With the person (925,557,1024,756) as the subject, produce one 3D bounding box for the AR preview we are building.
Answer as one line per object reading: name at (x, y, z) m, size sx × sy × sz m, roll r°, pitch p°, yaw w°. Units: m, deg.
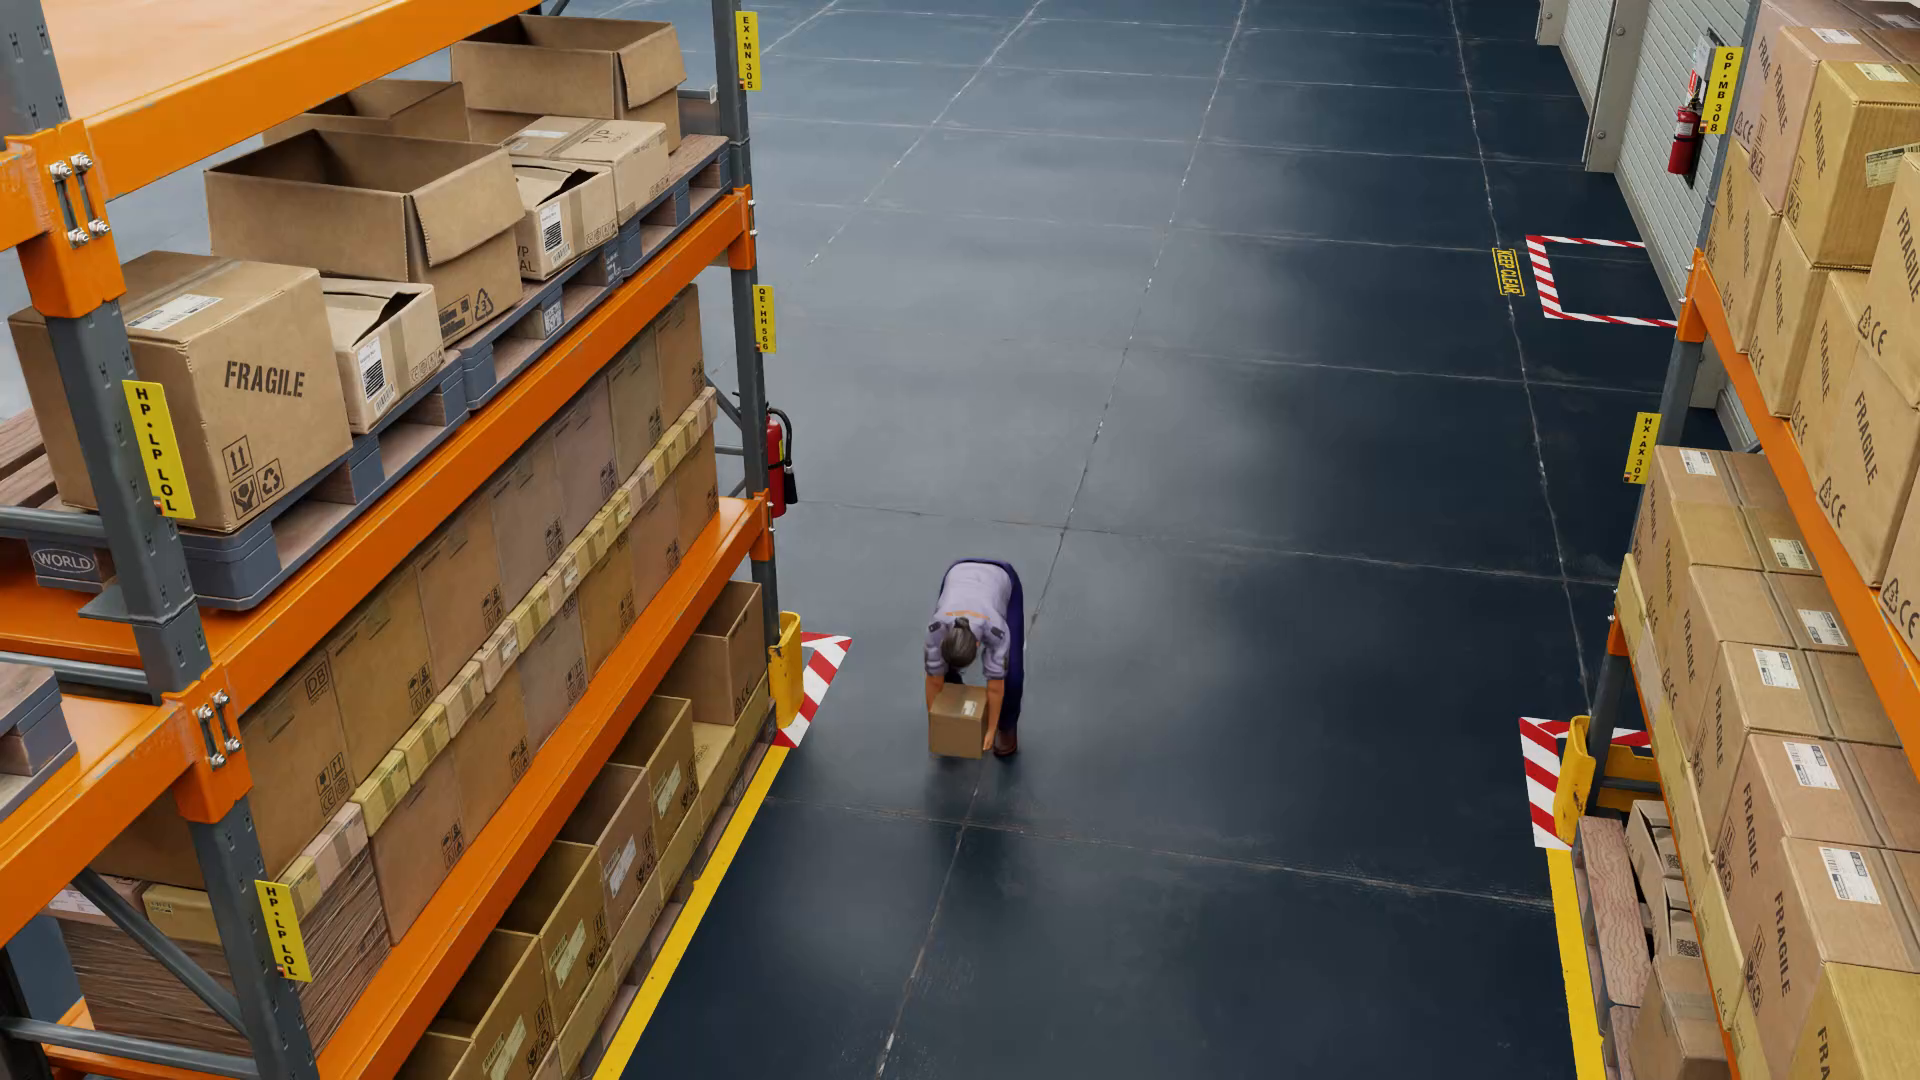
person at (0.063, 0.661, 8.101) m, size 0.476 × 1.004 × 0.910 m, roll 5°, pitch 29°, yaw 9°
========
→ **DESCRIPTION OF THE TASK**:
Please output all the data exactly as given, with the pictures omitted.

→ **EXERCISE OUTPUT**:
With the person (925,557,1024,756) as the subject, produce one 3D bounding box for the AR preview we are building.
Answer as one line per object reading: name at (x, y, z) m, size sx × sy × sz m, roll r°, pitch p°, yaw w°. Units: m, deg.
person at (0.063, 0.661, 8.101) m, size 0.476 × 1.004 × 0.910 m, roll 5°, pitch 29°, yaw 9°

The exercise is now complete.